Case 4: Conflict escalation — correct parent

Scenario: game-designer wants a simple, 2-variable damage formula for player intuitiveness. systems-designer argues that a 6-variable formula with elemental interactions is necessary for the depth of the combat system. Neither can agree on the right level of complexity. Expected: systems-designer presents the trade-offs clearly — the tuning granularity of the 6-variable system versus the player legibility of the 2-variable system — and escalates to creative-director for a player experience ruling. The question of "how complex should the formula be for players" is a player experience question, not a pure math question. Assertions:

  • Presents the trade-offs between both approaches with specific examples
  • Escalates to creative-director for the player experience ruling
  • Does not unilaterally impose the 6-variable formula over game-designer's objection
  • Remains available to implement whichever complexity level is approved

Case 5: Context pass — uses provided context

Scenario: Agent receives a gate context block that includes current balance data: enemy HP values range from 100 to 10,000; player attack values range from 15 to 150; target time-to-kill is 812 seconds at balanced matchups; the current formula is under review. A proposed revised formula is submitted. Expected: Assessment runs the proposed formula against the provided balance data (minimum and maximum input pairs, balanced matchup scenario) and verifies the time-to-kill falls within the 812 second target window. References specific numbers from the provided data.

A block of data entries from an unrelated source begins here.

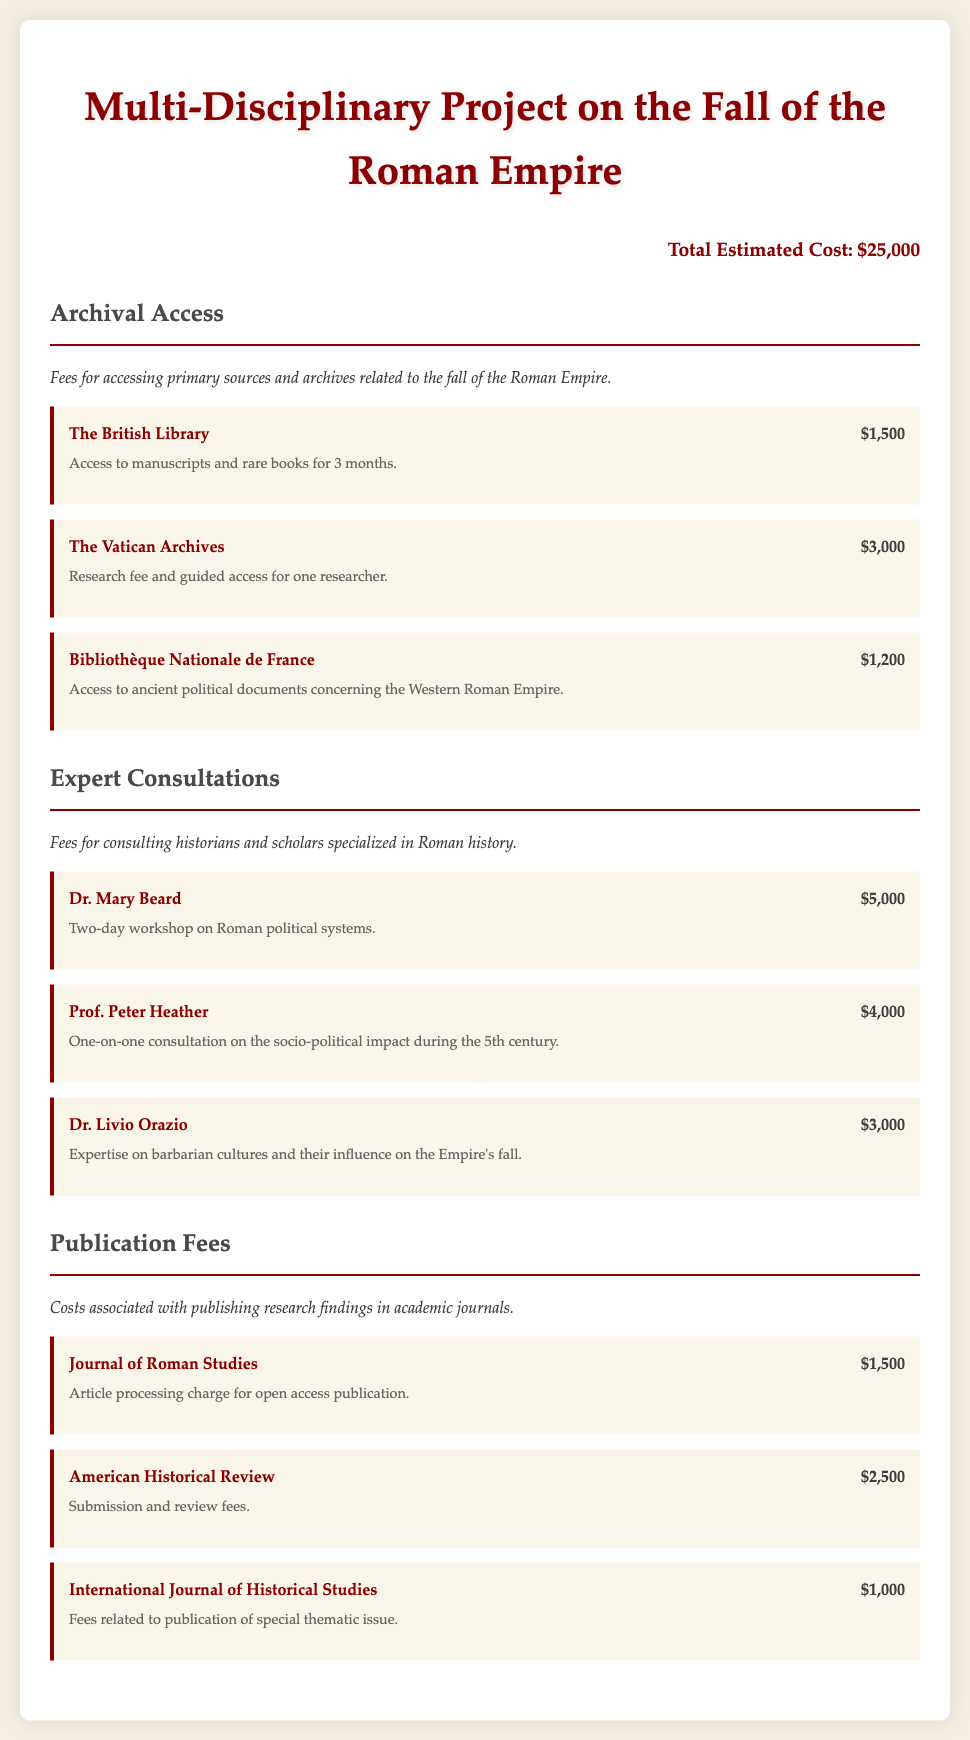What is the total estimated cost? The total estimated cost is clearly stated as $25,000 at the top of the document.
Answer: $25,000 How much is the consultation fee for Dr. Mary Beard? The fee for Dr. Mary Beard is listed as $5,000 under expert consultations.
Answer: $5,000 What archive requires the highest access fee? The Vatican Archives have the highest access fee of $3,000 listed under archival access.
Answer: $3,000 How many experts are consulted regarding the project? There are a total of three experts mentioned in the expert consultations section of the document.
Answer: Three What is the publication fee for the Journal of Roman Studies? The fee for publishing in the Journal of Roman Studies is mentioned as $1,500.
Answer: $1,500 Which archival access entity provides documents concerning the Western Roman Empire? The Bibliothèque Nationale de France provides access to ancient political documents concerning the Western Roman Empire.
Answer: Bibliothèque Nationale de France How much is the publication fee for the American Historical Review? The publication fee for the American Historical Review is specified as $2,500.
Answer: $2,500 What type of workshop will Dr. Mary Beard conduct? The workshop conducted by Dr. Mary Beard is a two-day workshop on Roman political systems.
Answer: Two-day workshop on Roman political systems What is the consultation fee for Dr. Livio Orazio? The consultation fee for Dr. Livio Orazio is listed as $3,000.
Answer: $3,000 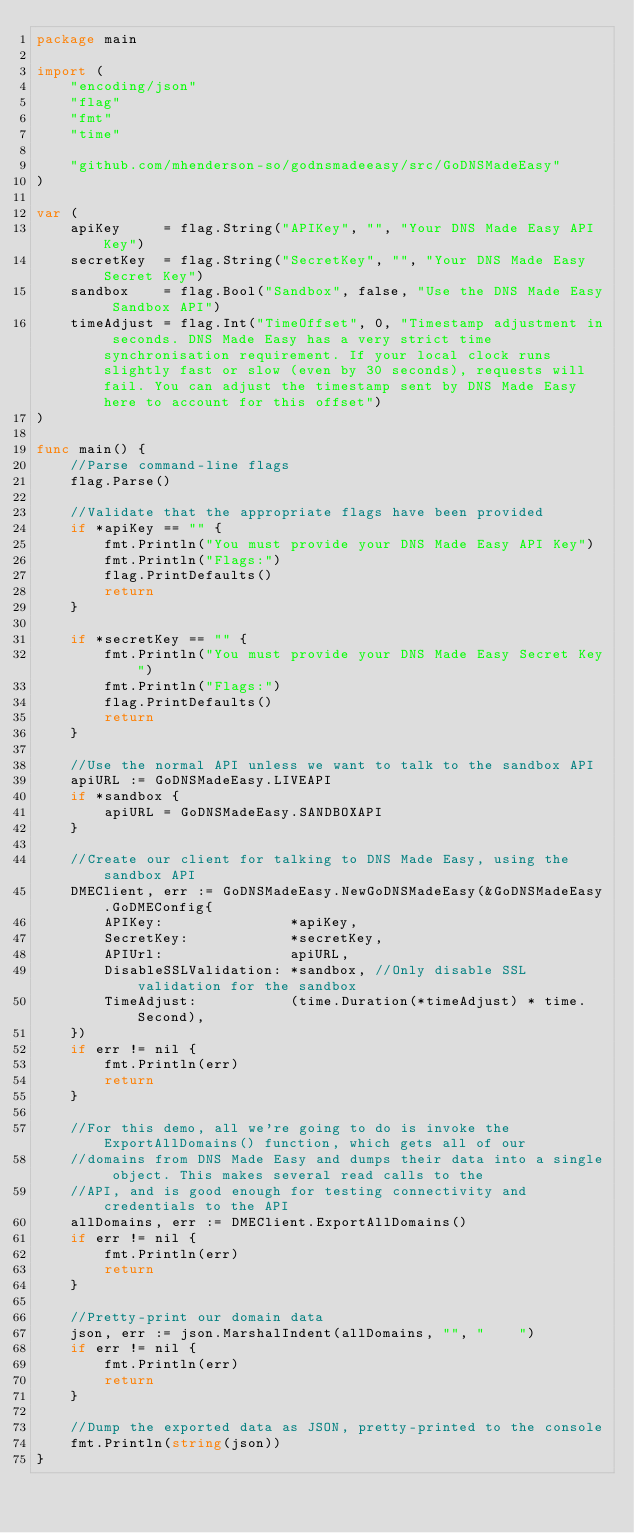Convert code to text. <code><loc_0><loc_0><loc_500><loc_500><_Go_>package main

import (
	"encoding/json"
	"flag"
	"fmt"
	"time"

	"github.com/mhenderson-so/godnsmadeeasy/src/GoDNSMadeEasy"
)

var (
	apiKey     = flag.String("APIKey", "", "Your DNS Made Easy API Key")
	secretKey  = flag.String("SecretKey", "", "Your DNS Made Easy Secret Key")
	sandbox    = flag.Bool("Sandbox", false, "Use the DNS Made Easy Sandbox API")
	timeAdjust = flag.Int("TimeOffset", 0, "Timestamp adjustment in seconds. DNS Made Easy has a very strict time synchronisation requirement. If your local clock runs slightly fast or slow (even by 30 seconds), requests will fail. You can adjust the timestamp sent by DNS Made Easy here to account for this offset")
)

func main() {
	//Parse command-line flags
	flag.Parse()

	//Validate that the appropriate flags have been provided
	if *apiKey == "" {
		fmt.Println("You must provide your DNS Made Easy API Key")
		fmt.Println("Flags:")
		flag.PrintDefaults()
		return
	}

	if *secretKey == "" {
		fmt.Println("You must provide your DNS Made Easy Secret Key")
		fmt.Println("Flags:")
		flag.PrintDefaults()
		return
	}

	//Use the normal API unless we want to talk to the sandbox API
	apiURL := GoDNSMadeEasy.LIVEAPI
	if *sandbox {
		apiURL = GoDNSMadeEasy.SANDBOXAPI
	}

	//Create our client for talking to DNS Made Easy, using the sandbox API
	DMEClient, err := GoDNSMadeEasy.NewGoDNSMadeEasy(&GoDNSMadeEasy.GoDMEConfig{
		APIKey:               *apiKey,
		SecretKey:            *secretKey,
		APIUrl:               apiURL,
		DisableSSLValidation: *sandbox, //Only disable SSL validation for the sandbox
		TimeAdjust:           (time.Duration(*timeAdjust) * time.Second),
	})
	if err != nil {
		fmt.Println(err)
		return
	}

	//For this demo, all we're going to do is invoke the ExportAllDomains() function, which gets all of our
	//domains from DNS Made Easy and dumps their data into a single object. This makes several read calls to the
	//API, and is good enough for testing connectivity and credentials to the API
	allDomains, err := DMEClient.ExportAllDomains()
	if err != nil {
		fmt.Println(err)
		return
	}

	//Pretty-print our domain data
	json, err := json.MarshalIndent(allDomains, "", "    ")
	if err != nil {
		fmt.Println(err)
		return
	}

	//Dump the exported data as JSON, pretty-printed to the console
	fmt.Println(string(json))
}
</code>

Assertions:

  • Uses the specific HP and attack value ranges from the provided balance data
  • Calculates or estimates time-to-kill for at minimum a balanced matchup scenario
  • Verifies the result against the provided 812 second target window
  • Does not give generic balance advice — all assertions use the provided numbers

Protocol Compliance

  • Returns verdicts using APPROVED / NEEDS REVISION vocabulary only
  • Stays within declared systems and formula domain
  • Escalates player-experience complexity trade-offs to creative-director
  • Does not make binding narrative, visual, code implementation, or conceptual mechanic decisions
  • Provides concrete formula analysis, not subjective design opinions

Coverage Notes

  • Progression curve review (XP curves, level-up scaling) is not covered — a dedicated case should be added.
  • Economy model review (resource generation and sink rates, inflation prevention) is not covered.
  • Status effect interaction matrix (stacking rules, priority, immunity interactions) is not covered.
  • Cross-system formula dependency review (e.g., crafting formula that feeds into combat formula) is not covered — deferred to integration tests.